**TASK TO CARRY OUT**
Although the entries contain pictures, only their text goes into the copy, set down exactly.

[THE RECORDS — start]

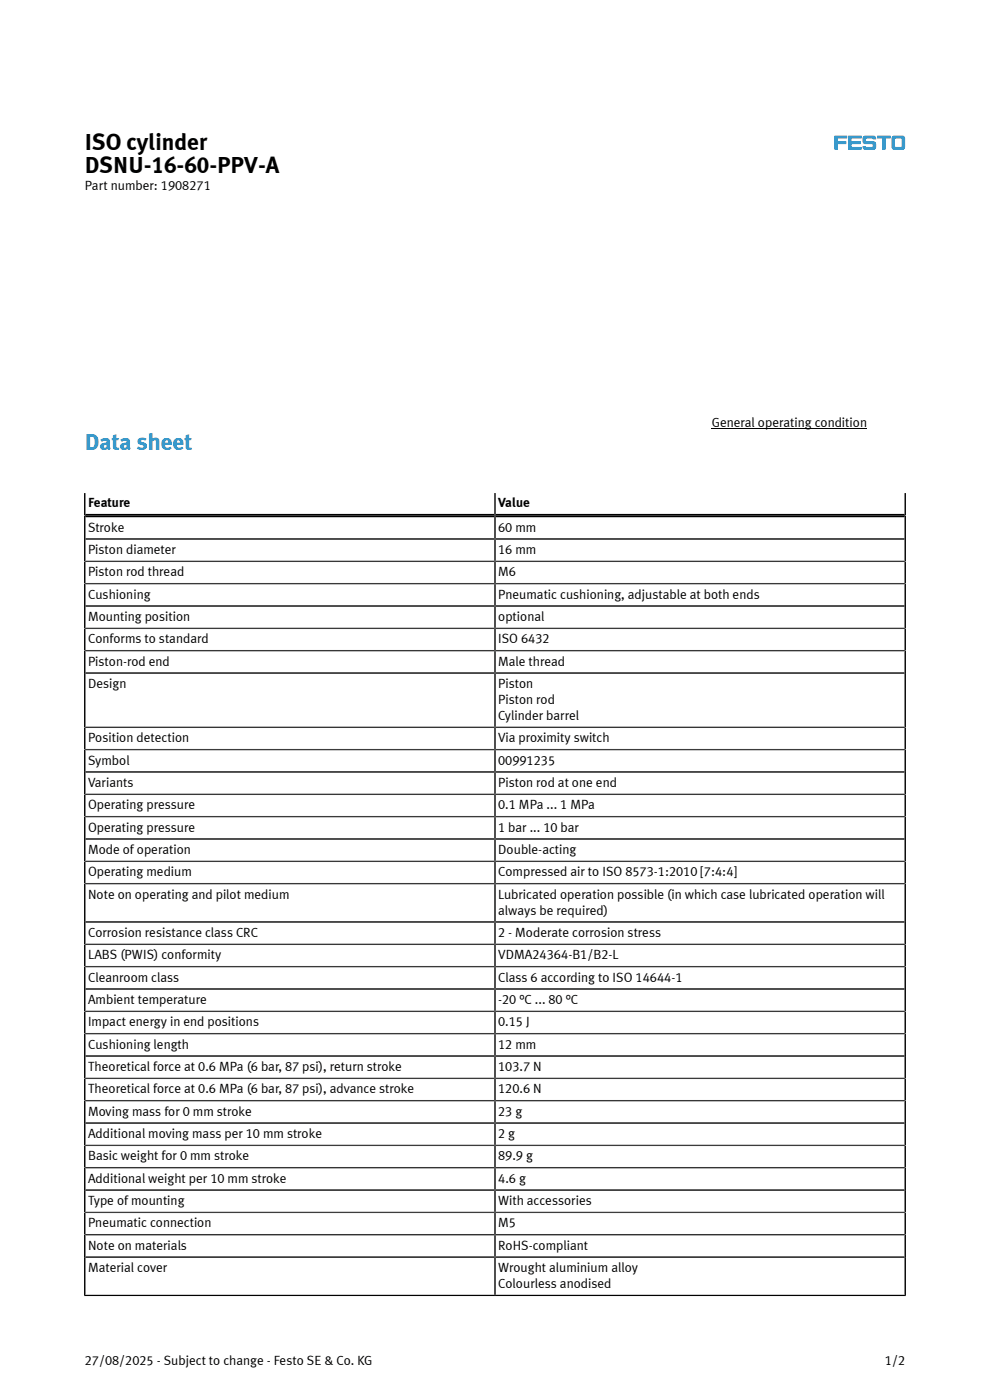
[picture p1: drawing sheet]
<svg xmlns="http://www.w3.org/2000/svg" width="210mm" height="297mm" viewBox="0 0 210 297" stroke-linecap="round" stroke-linejoin="round" font-family="sans-serif">
<defs><g id="words">
<g font-size="4.9">
<text x="18" y="31.8">ISO cylinder</text>
<text x="18" y="36.7">DSNU-16-60-PPV-A</text>
</g>
<text font-size="4.9" fill="#0091dc" x="18" y="95.5">Data sheet</text>
<g font-size="2.8">
<text x="18" y="40.4">Part number: 1908271</text>
<text x="151" y="90.5">General operating condition</text>
<text x="18.7" y="107.5">Feature</text>
<text x="105.7" y="107.5">Value</text>
<text x="18.7" y="112.8">Stroke</text>
<text x="105.7" y="112.8">60 mm</text>
<text x="18.7" y="117.5">Piston diameter</text>
<text x="105.7" y="117.5">16 mm</text>
<text x="18.7" y="122.3">Piston rod thread</text>
<text x="105.7" y="122.3">M6</text>
<text x="18.7" y="127">Cushioning</text>
<text x="18.7" y="131.8">Mounting position</text>
<text x="105.7" y="127">Pneumatic cushioning, adjustable at both ends</text>
<text x="105.7" y="131.8">optional</text>
<text x="18.7" y="136.5">Conforms to standard</text>
<text x="105.7" y="136.5">ISO 6432</text>
<text x="18.7" y="141.2">Piston-rod end</text>
<text x="105.7" y="141.2">Male thread</text>
<text x="18.7" y="146">Design</text>
<text x="105.7" y="146">Piston</text>
<text x="105.7" y="149.4">Piston rod</text>
<text x="105.7" y="152.7">Cylinder barrel</text>
<text x="18.7" y="157.5">Position detection</text>
<text x="105.7" y="157.5">Via proximity switch</text>
<text x="18.7" y="162.2">Symbol</text>
<text x="18.7" y="167">Variants</text>
<text x="105.7" y="162.2">00991235</text>
<text x="105.7" y="167">Piston rod at one end</text>
<text x="18.7" y="171.7">Operating pressure</text>
<text x="105.7" y="171.7">0.1 MPa ... 1 MPa</text>
<text x="18.7" y="176.4">Operating pressure</text>
<text x="105.7" y="176.4">1 bar ... 10 bar</text>
<text x="18.7" y="181.2">Mode of operation</text>
<text x="18.7" y="185.9">Operating medium</text>
<text x="105.7" y="181.2">Double-acting</text>
<text x="105.7" y="185.9">Compressed air to ISO 8573-1:2010 [7:4:4]</text>
<text x="18.7" y="190.7">Note on operating and pilot medium</text>
<text x="105.7" y="190.7">Lubricated operation possible (in which case lubricated operation will</text>
<text x="105.7" y="194">always be required)</text>
<text x="18.7" y="198.8">Corrosion resistance class CRC</text>
<text x="18.7" y="203.5">LABS (PWIS) conformity</text>
<text x="105.7" y="198.8">2 - Moderate corrosion stress</text>
<text x="105.7" y="203.5">VDMA24364-B1/B2-L</text>
<text x="18.7" y="208.3">Cleanroom class</text>
<text x="105.7" y="208.3">Class 6 according to ISO 14644-1</text>
<text x="18.7" y="213">Ambient temperature</text>
<text x="105.7" y="213">-20 °C ... 80 °C</text>
<text x="18.7" y="217.7">Impact energy in end positions</text>
<text x="105.7" y="217.7">0.15 J</text>
<text x="18.7" y="222.5">Cushioning length</text>
<text x="18.7" y="227.2">Theoretical force at 0.6 MPa (6 bar, 87 psi), return stroke</text>
<text x="105.7" y="222.5">12 mm</text>
<text x="105.7" y="227.2">103.7 N</text>
<text x="18.7" y="232">Theoretical force at 0.6 MPa (6 bar, 87 psi), advance stroke</text>
<text x="105.7" y="232">120.6 N</text>
<text x="18.7" y="236.7">Moving mass for 0 mm stroke</text>
<text x="105.7" y="236.7">23 g</text>
<text x="18.7" y="241.4">Additional moving mass per 10 mm stroke</text>
<text x="105.7" y="241.4">2 g</text>
<text x="18.7" y="246.2">Basic weight for 0 mm stroke</text>
<text x="18.7" y="250.9">Additional weight per 10 mm stroke</text>
<text x="105.7" y="246.2">89.9 g</text>
<text x="105.7" y="250.9">4.6 g</text>
<text x="18.7" y="255.7">Type of mounting</text>
<text x="105.7" y="255.7">With accessories</text>
<text x="18.7" y="260.4">Pneumatic connection</text>
<text x="105.7" y="260.4">M5</text>
<text x="18.7" y="265.1">Note on materials</text>
<text x="18.7" y="269.9">Material cover</text>
<text x="105.7" y="265.1">RoHS-compliant</text>
<text x="105.7" y="269.9">Wrought aluminium alloy</text>
<text x="105.7" y="273.3">Colourless anodised</text>
<text x="18" y="289.5">27/08/2025 - Subject to change - Festo SE &amp; Co. KG</text>
<text x="187.7" y="289.5">1/2</text>
</g>
</g></defs>
<path d="M189.9 29.4h1.3v1.7h-1.3zM186.1 28.8h2.8v.5l-1.1 .2v2.2h-.7v-2.3l-1-.1zM183.2 28.9a1.05 1.05 0 0 0 .3 1.7h1.5l.1 .4-.1 .2h-1.2l-.2-.2-.6 .1a.6 .6 0 0 0 .5 .7l2.1-.1a1.05 1.05 0 0 0-.3-1.7h-1.4l-.2-.4 .2-.2h1.1l.2 .2 .7-.1a.6 .6 0 0 0-.6-.7zM179.9 28.8h2.9l-.1 .6-2.1 .1 .1 .5 1.9 .1-.1 .5h-1.9v.5l2.1 .1 .1 .5h-2.9zM177 28.8l2.7 .1-.1 .5h-1.9v.5l1.7 .1 .1 .5-1.8 .1-.1 1.2-.6-.1zM189.4 28.9l2.1-.1 .2 .1 .3 .5v1.8l-.3 .5-2 .1a.56 .56 0 0 1-.6-.6v-1.8z" fill-rule="evenodd" fill="#0091dc"/>
<path d="M151 90.8h32.9" fill="none" stroke="#000" stroke-width=".21"/>
<g fill="none" stroke="#000" stroke-width=".35">
<path d="M18 114.3h174M18 119.1h174M18 104.6v170.4M105 104.6v170.2M192 104.6v170.4M18 123.8h174M18 128.6h174M18 133.3h174M18 138h174M18 142.8h174M18 154.3h174M18 159h174"/>
<path d="M18 163.8h174M18 168.5h174M18 173.2h174M18 178h174M18 182.7h174M18 187.5h174M18 195.6h174M18 200.3h174M18 205.1h174M18 209.8h174M18 214.5h174M18 219.3h174"/>
<path d="M18 224h174M18 228.8h174M18 233.5h174M18 238.2h174M18 243h174M18 247.7h174M18 252.5h174M18 257.2h174M17.8 274.8h174.4M18 261.9h174M18 266.7h174"/>
</g>
<path d="M18 109.4h174" fill="none" stroke="#000" stroke-width=".8" stroke-linecap="butt"/>
<use href="#words"/>
</svg>

[THE RECORDS — finish]

**FINAL ANSWER**
[picture p1: drawing sheet]
<svg xmlns="http://www.w3.org/2000/svg" width="210mm" height="297mm" viewBox="0 0 210 297" stroke-linecap="round" stroke-linejoin="round" font-family="sans-serif">
<defs><g id="words">
<g font-size="4.9">
<text x="18" y="31.8">ISO cylinder</text>
<text x="18" y="36.7">DSNU-16-60-PPV-A</text>
</g>
<text font-size="4.9" fill="#0091dc" x="18" y="95.5">Data sheet</text>
<g font-size="2.8">
<text x="18" y="40.4">Part number: 1908271</text>
<text x="151" y="90.5">General operating condition</text>
<text x="18.7" y="107.5">Feature</text>
<text x="105.7" y="107.5">Value</text>
<text x="18.7" y="112.8">Stroke</text>
<text x="105.7" y="112.8">60 mm</text>
<text x="18.7" y="117.5">Piston diameter</text>
<text x="105.7" y="117.5">16 mm</text>
<text x="18.7" y="122.3">Piston rod thread</text>
<text x="105.7" y="122.3">M6</text>
<text x="18.7" y="127">Cushioning</text>
<text x="18.7" y="131.8">Mounting position</text>
<text x="105.7" y="127">Pneumatic cushioning, adjustable at both ends</text>
<text x="105.7" y="131.8">optional</text>
<text x="18.7" y="136.5">Conforms to standard</text>
<text x="105.7" y="136.5">ISO 6432</text>
<text x="18.7" y="141.2">Piston-rod end</text>
<text x="105.7" y="141.2">Male thread</text>
<text x="18.7" y="146">Design</text>
<text x="105.7" y="146">Piston</text>
<text x="105.7" y="149.4">Piston rod</text>
<text x="105.7" y="152.7">Cylinder barrel</text>
<text x="18.7" y="157.5">Position detection</text>
<text x="105.7" y="157.5">Via proximity switch</text>
<text x="18.7" y="162.2">Symbol</text>
<text x="18.7" y="167">Variants</text>
<text x="105.7" y="162.2">00991235</text>
<text x="105.7" y="167">Piston rod at one end</text>
<text x="18.7" y="171.7">Operating pressure</text>
<text x="105.7" y="171.7">0.1 MPa ... 1 MPa</text>
<text x="18.7" y="176.4">Operating pressure</text>
<text x="105.7" y="176.4">1 bar ... 10 bar</text>
<text x="18.7" y="181.2">Mode of operation</text>
<text x="18.7" y="185.9">Operating medium</text>
<text x="105.7" y="181.2">Double-acting</text>
<text x="105.7" y="185.9">Compressed air to ISO 8573-1:2010 [7:4:4]</text>
<text x="18.7" y="190.7">Note on operating and pilot medium</text>
<text x="105.7" y="190.7">Lubricated operation possible (in which case lubricated operation will</text>
<text x="105.7" y="194">always be required)</text>
<text x="18.7" y="198.8">Corrosion resistance class CRC</text>
<text x="18.7" y="203.5">LABS (PWIS) conformity</text>
<text x="105.7" y="198.8">2 - Moderate corrosion stress</text>
<text x="105.7" y="203.5">VDMA24364-B1/B2-L</text>
<text x="18.7" y="208.3">Cleanroom class</text>
<text x="105.7" y="208.3">Class 6 according to ISO 14644-1</text>
<text x="18.7" y="213">Ambient temperature</text>
<text x="105.7" y="213">-20 °C ... 80 °C</text>
<text x="18.7" y="217.7">Impact energy in end positions</text>
<text x="105.7" y="217.7">0.15 J</text>
<text x="18.7" y="222.5">Cushioning length</text>
<text x="18.7" y="227.2">Theoretical force at 0.6 MPa (6 bar, 87 psi), return stroke</text>
<text x="105.7" y="222.5">12 mm</text>
<text x="105.7" y="227.2">103.7 N</text>
<text x="18.7" y="232">Theoretical force at 0.6 MPa (6 bar, 87 psi), advance stroke</text>
<text x="105.7" y="232">120.6 N</text>
<text x="18.7" y="236.7">Moving mass for 0 mm stroke</text>
<text x="105.7" y="236.7">23 g</text>
<text x="18.7" y="241.4">Additional moving mass per 10 mm stroke</text>
<text x="105.7" y="241.4">2 g</text>
<text x="18.7" y="246.2">Basic weight for 0 mm stroke</text>
<text x="18.7" y="250.9">Additional weight per 10 mm stroke</text>
<text x="105.7" y="246.2">89.9 g</text>
<text x="105.7" y="250.9">4.6 g</text>
<text x="18.7" y="255.7">Type of mounting</text>
<text x="105.7" y="255.7">With accessories</text>
<text x="18.7" y="260.4">Pneumatic connection</text>
<text x="105.7" y="260.4">M5</text>
<text x="18.7" y="265.1">Note on materials</text>
<text x="18.7" y="269.9">Material cover</text>
<text x="105.7" y="265.1">RoHS-compliant</text>
<text x="105.7" y="269.9">Wrought aluminium alloy</text>
<text x="105.7" y="273.3">Colourless anodised</text>
<text x="18" y="289.5">27/08/2025 - Subject to change - Festo SE &amp; Co. KG</text>
<text x="187.7" y="289.5">1/2</text>
</g>
</g></defs>
<path d="M189.9 29.4h1.3v1.7h-1.3zM186.1 28.8h2.8v.5l-1.1 .2v2.2h-.7v-2.3l-1-.1zM183.2 28.9a1.05 1.05 0 0 0 .3 1.7h1.5l.1 .4-.1 .2h-1.2l-.2-.2-.6 .1a.6 .6 0 0 0 .5 .7l2.1-.1a1.05 1.05 0 0 0-.3-1.7h-1.4l-.2-.4 .2-.2h1.1l.2 .2 .7-.1a.6 .6 0 0 0-.6-.7zM179.9 28.8h2.9l-.1 .6-2.1 .1 .1 .5 1.9 .1-.1 .5h-1.9v.5l2.1 .1 .1 .5h-2.9zM177 28.8l2.7 .1-.1 .5h-1.9v.5l1.7 .1 .1 .5-1.8 .1-.1 1.2-.6-.1zM189.4 28.9l2.1-.1 .2 .1 .3 .5v1.8l-.3 .5-2 .1a.56 .56 0 0 1-.6-.6v-1.8z" fill-rule="evenodd" fill="#0091dc"/>
<path d="M151 90.8h32.9" fill="none" stroke="#000" stroke-width=".21"/>
<g fill="none" stroke="#000" stroke-width=".35">
<path d="M18 114.3h174M18 119.1h174M18 104.6v170.4M105 104.6v170.2M192 104.6v170.4M18 123.8h174M18 128.6h174M18 133.3h174M18 138h174M18 142.8h174M18 154.3h174M18 159h174"/>
<path d="M18 163.8h174M18 168.5h174M18 173.2h174M18 178h174M18 182.7h174M18 187.5h174M18 195.6h174M18 200.3h174M18 205.1h174M18 209.8h174M18 214.5h174M18 219.3h174"/>
<path d="M18 224h174M18 228.8h174M18 233.5h174M18 238.2h174M18 243h174M18 247.7h174M18 252.5h174M18 257.2h174M17.8 274.8h174.4M18 261.9h174M18 266.7h174"/>
</g>
<path d="M18 109.4h174" fill="none" stroke="#000" stroke-width=".8" stroke-linecap="butt"/>
<use href="#words"/>
</svg>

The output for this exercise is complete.